Mythical scaly lizard, snake or fire-breathing monster. Often depicted with wings, talons and a lashing tail. In some traditions it has many heads, or changes shape at will. Sometimes, such as the tale of St George and the dragon, it is used symbolically as the personification of evil. In China and Japan, the dragon is identified with a beneficent force of nature.

Summary Article: dragon
From The Hutchinson Unabridged Encyclopedia with Atlas and Weather Guide

Mythical reptilian beast, often portrayed with wings and breathing fire. An occasional feature of classical legends such as the rescue of Andromeda, dragons later held a central place as opponents of gods and heroes in Vedic, Teutonic (Siegfried), Anglo-Saxon (Beowulf), and Christian (St George) mythologies, possibly accounting for their heraldic role on medieval banners and weaponry.

The Red Dragon is familiar as the badge of Wales.

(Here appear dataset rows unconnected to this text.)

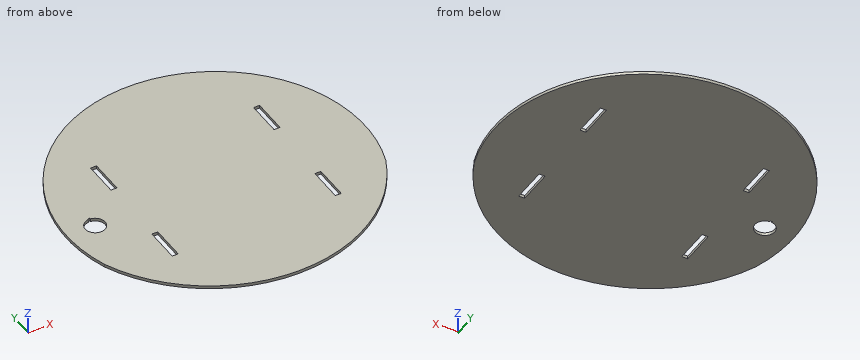
```python
from build123d import *

# Parameters (mm, degrees)
ESBO_O1_W                = 6
ESBO_O1_H                = 35
RESSALTO_EXTRUS_O1_DEPTH = 3


with BuildPart() as part:
    # Esboço1 → Ressalto-extrusão1 (new body)
    with BuildSketch(Plane.XY):
        with BuildLine():
            ThreePointArc((141.421356237, -50), (0, 150), (-141.421356237, -50))
            ThreePointArc((-141.421356237, -50), (0, -142.957457878), (141.421356237, -50))
        make_face()
        with BuildLine():
            Line((-120.321356237, 11), (-122.521356237, 11))
            Line((-122.521356237, 11), (-122.521356237, 9.939315872))
            ThreePointArc((-122.521356237, 9.939315872), (-121.421356237, -10), (-120.321356237, 9.939315872))
            Line((-120.321356237, 9.939315872), (-120.321356237, 11))
        make_face(mode=Mode.SUBTRACT)
        with Locations((-82, -52.5)):
            Rectangle(ESBO_O1_W, ESBO_O1_H, mode=Mode.SUBTRACT)
        with Locations((-82, 52.5)):
            Rectangle(ESBO_O1_W, ESBO_O1_H, mode=Mode.SUBTRACT)
        with Locations((82, -52.5)):
            Rectangle(ESBO_O1_W, ESBO_O1_H, mode=Mode.SUBTRACT)
        with Locations((82, 52.5)):
            Rectangle(ESBO_O1_W, ESBO_O1_H, mode=Mode.SUBTRACT)
    extrude(amount=RESSALTO_EXTRUS_O1_DEPTH)


solid = part.part
```
Geometry check sheet. Reference: the model listing, model coordinates, mm. Coordinates: 2 decimals unless noted, no trailing zeros. Order: outer loops, then holes, each group sorted by start corner. A loop starts at its lowest first (then second) coordinate and runs counter-clockwise, first axis right, second up. Notation, with made-up numbers: (78, 73) - (86, 73) arc R19 cw to (86, 101) - close; hole circle Ø7 at (57.5, 57). An arc over 180 degrees is marked (long way). Answer as a JSON object with one key per item and string values. Group by question number.
Item 1: Sectioned sample at D-D, the plane x = 123. Record the cut outline in (y, z), and give its area (3 significant figures).
Item 2: Depth check by flat-ended pin: pin 1 Ø1.5 at (y, z) = (-28.5, 0.5) entering from -X; pin 2 Ø1 at (x, z) = (-6, 1.5) entering from -Y; pin 3 Ø0.9 at (y, z) = (-48.5, 1.5) entering from -X. Enter the tip coordinate at first touch or a pass-through.
Item 3: Sectioned sample at B-B, the plane z = 1.1. Record the cut outline in (x, y), and give its area (3 significant figures).
Item 4: Sectioned sample at A-A, the plane y = 0. Record the cut outline in (x, z), and give its area (3 significant figures).
Item 5: Sectioned sample at C-C, the plane y = -46. Record the cut outline in (x, z), and give its area (3 significant figures).
Item 6: Scan lines: probe 1 along X at (y, z) = (0, 1.2); probe 2 along X at (y, z) = (45, 1.55); probe 3 along X at (y, z) = (53, 0.8). Record each from-to range of solid material in increasing order.
Resolved:
{
 "1": {"outline": "(-81.66, 0) - (85.85, 0) - (85.85, 3) - (-81.66, 3) - close", "area": "503 mm^2"},
 "2": {"pin 1": "x = -147.41", "pin 2": "y = -142.86", "pin 3": "x = -142.1"},
 "3": {"outline": "(-141.42, -50) arc R154.05 ccw to (141.42, -50) arc R150 ccw (long way) to start; hole (-122.52, 9.94) arc R10 ccw (long way) to (-120.32, 9.94) - (-120.32, 11) - (-122.52, 11) - close; hole (-85, -70) - (-79, -70) - (-79, -35) - (-85, -35) - close; hole (-85, 35) - (-79, 35) - (-79, 70) - (-85, 70) - close; hole (79, -70) - (85, -70) - (85, -35) - (79, -35) - close; hole (79, 35) - (85, 35) - (85, 70) - (79, 70) - close", "area": "67,900 mm^2"},
 "4": {"outline": "(-150, 0) - (-131.42, 0) - (-131.42, 3) - (-150, 3) - close; (-111.42, 0) - (150, 0) - (150, 3) - (-111.42, 3) - close", "area": "840 mm^2"},
 "5": {"outline": "(-142.77, 0) - (-85, 0) - (-85, 3) - (-142.77, 3) - close; (-79, 0) - (79, 0) - (79, 3) - (-79, 3) - close; (85, 0) - (142.77, 0) - (142.77, 3) - (85, 3) - close", "area": "821 mm^2"},
 "6": {"probe 1": "-150 to -131.42, -111.42 to 150", "probe 2": "-143.09 to -85, -79 to 79, 85 to 143.09", "probe 3": "-140.32 to -85, -79 to 79, 85 to 140.32"}
}

In English heraldry the dragon was originally indistinguishable from the wyvern, a dragonlike creature with a long tail instead of hind legs, but from Tudor times dragons were usually depicted with four legs. In Christian art the dragon is linked with the devil; but in traditional Chinese belief it is a benevolent monster, a symbol of divinity and royalty, and an omen of prosperity, associated with storms and rain.

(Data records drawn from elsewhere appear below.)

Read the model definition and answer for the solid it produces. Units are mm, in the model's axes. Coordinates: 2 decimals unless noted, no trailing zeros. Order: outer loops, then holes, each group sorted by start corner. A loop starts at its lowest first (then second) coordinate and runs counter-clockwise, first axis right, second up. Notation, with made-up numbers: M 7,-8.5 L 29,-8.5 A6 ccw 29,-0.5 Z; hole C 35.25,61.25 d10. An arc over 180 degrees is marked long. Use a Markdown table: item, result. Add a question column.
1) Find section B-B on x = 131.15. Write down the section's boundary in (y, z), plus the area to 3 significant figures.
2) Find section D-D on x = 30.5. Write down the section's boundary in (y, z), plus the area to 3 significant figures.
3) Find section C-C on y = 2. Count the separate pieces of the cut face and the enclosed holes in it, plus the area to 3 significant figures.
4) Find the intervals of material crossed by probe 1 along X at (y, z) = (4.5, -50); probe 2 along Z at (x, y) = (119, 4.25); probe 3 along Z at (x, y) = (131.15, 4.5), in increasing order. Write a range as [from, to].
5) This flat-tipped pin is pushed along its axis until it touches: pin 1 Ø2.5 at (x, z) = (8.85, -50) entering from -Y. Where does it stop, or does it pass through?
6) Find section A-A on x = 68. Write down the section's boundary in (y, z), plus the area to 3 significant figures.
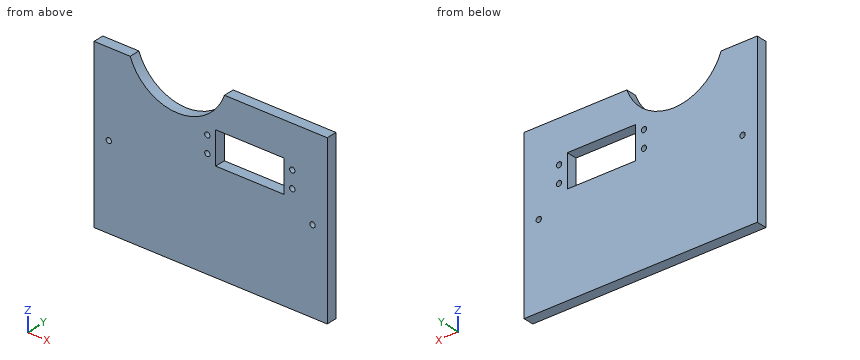
from build123d import *

# Parameters (mm, degrees)
SKETCH1_W           = 140
SKETCH1_H           = 100
BOSS_EXTRUDE1_DEPTH = 6.35
SKETCH2_W           = 41
SKETCH2_H           = 19.5
CUT_EXTRUDE1_DEPTH  = 10
SKETCH3_R           = 30
CUT_EXTRUDE2_DEPTH  = 10
SKETCH4_R           = 1.5875
CUT_EXTRUDE3_DEPTH  = 10


with BuildPart() as part:
    # Sketch1 → Boss-Extrude1 (new body)
    with BuildSketch(Plane(origin=(0, 0, 0), x_dir=(1, 0, 0), z_dir=(0, 1, 0))):
        with Locations((70, 50)):
            Rectangle(SKETCH1_W, SKETCH1_H)
    extrude(amount=BOSS_EXTRUDE1_DEPTH)

    # Sketch2 → Cut-Extrude1 (cut)
    with BuildSketch(Plane(origin=(0, 6.35, 0), x_dir=(1, 0, 0), z_dir=(0, 1, 0))):
        with Locations((93.5, 30.25)):
            Rectangle(SKETCH2_W, SKETCH2_H)
    extrude(amount=-CUT_EXTRUDE1_DEPTH, mode=Mode.SUBTRACT)

    # Sketch3 → Cut-Extrude2 (cut)
    with BuildSketch(Plane(origin=(0, 6.35, 0), x_dir=(1, 0, 0), z_dir=(0, 1, 0))):
        with Locations((50, -10)):
            Circle(SKETCH3_R)
    extrude(amount=-CUT_EXTRUDE2_DEPTH, mode=Mode.SUBTRACT)

    # Sketch4 → Cut-Extrude3 (cut)
    with BuildSketch(Plane(origin=(0, 6.35, 0), x_dir=(1, 0, 0), z_dir=(0, 1, 0))):
        with Locations(Location((131.15, 50, 0), (0, 0, 270))):
            Circle(SKETCH4_R)
        with Locations(Location((8.85, 50, 0), (0, 0, 270))):
            Circle(SKETCH4_R)
        with Locations(Location((68, 25.125, 0), (0, 0, 270))):
            Circle(SKETCH4_R)
        with Locations(Location((119, 35.125, 0), (0, 0, 270))):
            Circle(SKETCH4_R)
        with Locations(Location((68, 35.125, 0), (0, 0, 270))):
            Circle(SKETCH4_R)
        with Locations(Location((119, 25.125, 0), (0, 0, 270))):
            Circle(SKETCH4_R)
    extrude(amount=-CUT_EXTRUDE3_DEPTH, mode=Mode.SUBTRACT)


solid = part.part
Check result:
| question | item | result |
|---|---|---|
| 1 | outline | M 0,-100 L 6.35,-100 L 6.35,-51.59 L 0,-51.59 Z; M 0,-48.41 L 6.35,-48.41 L 6.35,0 L 0,0 Z |
| 1 | area | 615 mm2 |
| 2 | outline | M 0,-100 L 6.35,-100 L 6.35,-12.8 L 0,-12.8 Z |
| 2 | area | 554 mm2 |
| 3 | separate pieces | 1 |
| 3 | enclosed holes | 7 |
| 3 | area | 12,300 mm2 |
| 4 | probe 1 | x = [0, 7.26], [10.44, 129.56], [132.74, 140] |
| 4 | probe 2 | z = [-100, -36.71], [-33.54, -26.71], [-23.54, 0] |
| 4 | probe 3 | z = [-100, -51.59], [-48.41, 0] |
| 5 | pin 1 | passes through |
| 6 | outline | M 0,-100 L 6.35,-100 L 6.35,-36.71 L 0,-36.71 Z; M 0,-33.54 L 6.35,-33.54 L 6.35,-26.71 L 0,-26.71 Z; M 0,-23.54 L 6.35,-23.54 L 6.35,-14 L 0,-14 Z |
| 6 | area | 506 mm2 |

Chinese dragons The creatures were first mentioned as early as the 3rd millennium BC when a pair were seen by the Yellow Emperor. A five-clawed dragon became the symbol of imperial authority and many of the emperor's possessions were given related names, including the dragon-throne, dragon-boat, and dragon-steps. Four dragon-kings were believed to rule the four seas and to bring rain. In times of drought, the dragon-king would be propitiated by offerings at temples by the sides of wells.

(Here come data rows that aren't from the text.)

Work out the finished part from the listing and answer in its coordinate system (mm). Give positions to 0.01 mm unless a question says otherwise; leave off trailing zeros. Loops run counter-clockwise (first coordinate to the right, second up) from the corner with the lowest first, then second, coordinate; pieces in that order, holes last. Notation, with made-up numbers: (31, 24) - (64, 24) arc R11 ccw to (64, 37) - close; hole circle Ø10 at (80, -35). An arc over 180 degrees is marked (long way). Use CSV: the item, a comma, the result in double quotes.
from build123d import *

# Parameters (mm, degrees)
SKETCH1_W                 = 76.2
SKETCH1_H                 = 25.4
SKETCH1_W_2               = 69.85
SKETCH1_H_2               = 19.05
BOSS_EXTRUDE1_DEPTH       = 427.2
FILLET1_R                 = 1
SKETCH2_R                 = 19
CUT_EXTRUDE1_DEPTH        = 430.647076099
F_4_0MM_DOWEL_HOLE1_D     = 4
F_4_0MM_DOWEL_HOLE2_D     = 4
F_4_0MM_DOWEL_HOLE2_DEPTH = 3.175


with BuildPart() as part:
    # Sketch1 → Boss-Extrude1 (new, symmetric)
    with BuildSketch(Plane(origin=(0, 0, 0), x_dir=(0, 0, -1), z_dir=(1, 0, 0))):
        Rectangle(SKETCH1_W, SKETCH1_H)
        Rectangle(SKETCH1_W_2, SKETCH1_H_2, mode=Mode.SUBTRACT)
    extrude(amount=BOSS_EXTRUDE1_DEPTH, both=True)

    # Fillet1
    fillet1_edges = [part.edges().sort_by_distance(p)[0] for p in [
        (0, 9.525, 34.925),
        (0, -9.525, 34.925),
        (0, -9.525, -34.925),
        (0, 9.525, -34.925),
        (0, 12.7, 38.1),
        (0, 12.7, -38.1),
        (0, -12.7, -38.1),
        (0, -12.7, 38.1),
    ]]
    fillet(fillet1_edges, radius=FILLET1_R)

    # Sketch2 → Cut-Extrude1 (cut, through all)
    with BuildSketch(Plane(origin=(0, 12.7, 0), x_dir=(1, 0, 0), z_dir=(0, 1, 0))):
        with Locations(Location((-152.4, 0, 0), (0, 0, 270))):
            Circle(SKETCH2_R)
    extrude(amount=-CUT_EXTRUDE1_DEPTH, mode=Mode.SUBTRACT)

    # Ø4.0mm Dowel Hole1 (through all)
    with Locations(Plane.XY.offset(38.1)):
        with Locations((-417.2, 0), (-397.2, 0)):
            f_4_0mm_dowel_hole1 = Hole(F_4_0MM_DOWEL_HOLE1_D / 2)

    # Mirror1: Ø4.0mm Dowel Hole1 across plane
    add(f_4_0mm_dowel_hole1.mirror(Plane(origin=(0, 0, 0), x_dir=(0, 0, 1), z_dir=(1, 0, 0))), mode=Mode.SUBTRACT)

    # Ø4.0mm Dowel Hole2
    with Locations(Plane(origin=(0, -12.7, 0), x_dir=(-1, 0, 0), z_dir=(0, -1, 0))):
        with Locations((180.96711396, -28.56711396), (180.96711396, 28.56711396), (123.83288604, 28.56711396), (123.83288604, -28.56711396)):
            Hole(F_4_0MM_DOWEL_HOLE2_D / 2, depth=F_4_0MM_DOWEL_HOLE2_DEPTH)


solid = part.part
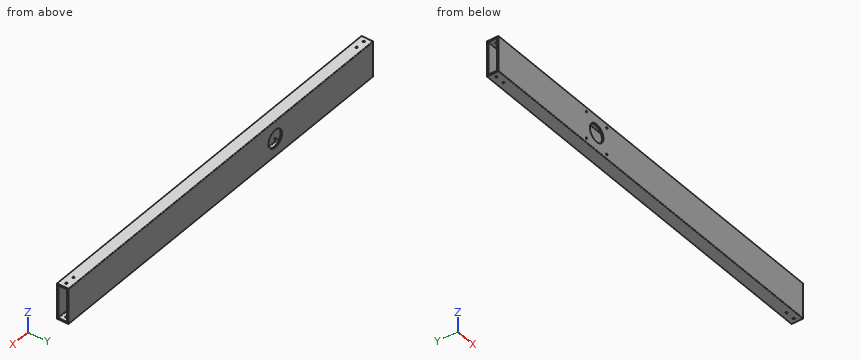
Item 1: A cutting plane is placed at B-B on x = -266.5. Determine the outline of the cut face in (y, z) (3 decimals).
Determined:
outline,"(-12.7, -37.1) arc R1 ccw to (-11.7, -38.1) - (11.7, -38.1) arc R1 ccw to (12.7, -37.1) - (12.7, 37.1) arc R1 ccw to (11.7, 38.1) - (-11.7, 38.1) arc R1 ccw to (-12.7, 37.1) - close; hole (-9.525, -33.925) arc R1 ccw to (-8.525, -34.925) - (8.525, -34.925) arc R1 ccw to (9.525, -33.925) - (9.525, 33.925) arc R1 ccw to (8.525, 34.925) - (-8.525, 34.925) arc R1 ccw to (-9.525, 33.925) - close"
Item 2: Given P1, Ø3, axis at x = -123.83, z = 28.57, coming from the -Y side (3 decimals), flat-ended and moving along its own axis, determine where the tip first touches the part or whether it passes through.
Determined:
P1,"stops at y = 9.525"
Item 3: Find the intervals of material crossed by line 1 (Y direction, x = 196.5, z = 2) (3 decimals); line 2 (Z direction, x = 64.5, y = -3.25) (3 decimals); line 3 (X direction, y = -10.6, z = 0), in increasing order.
Determined:
line 1,"y = -12.7 to -9.525, 9.525 to 12.7"
line 2,"z = -38.1 to -34.925, 34.925 to 38.1"
line 3,"x = -427.2 to -171.4, -133.4 to 427.2"
Item 4: A cutting plane is placed at A-A on z = 0. Determine the outline of the cut face in (x, y) (3 decimals).
Determined:
outline,"(-427.2, -12.7) - (-171.4, -12.7) - (-171.4, -9.525) - (-427.2, -9.525) - close; (-427.2, 9.525) - (-171.4, 9.525) - (-171.4, 12.7) - (-427.2, 12.7) - close; (-133.4, -12.7) - (427.2, -12.7) - (427.2, -9.525) - (-133.4, -9.525) - close; (-133.4, 9.525) - (427.2, 9.525) - (427.2, 12.7) - (-133.4, 12.7) - close"

Greek dragons In Greek mythology the dragon is represented as an unresting sentinel; Ladon, offspring of the monster Typhon and Echidne (half woman, half serpent), guarded the golden apples tended by the Hesperides, and another sleepless dragon watched over the Golden Fleece sought by Jason and the Argonauts. The Hydra, a beast with nine heads, was slain by Heracles (Hercules).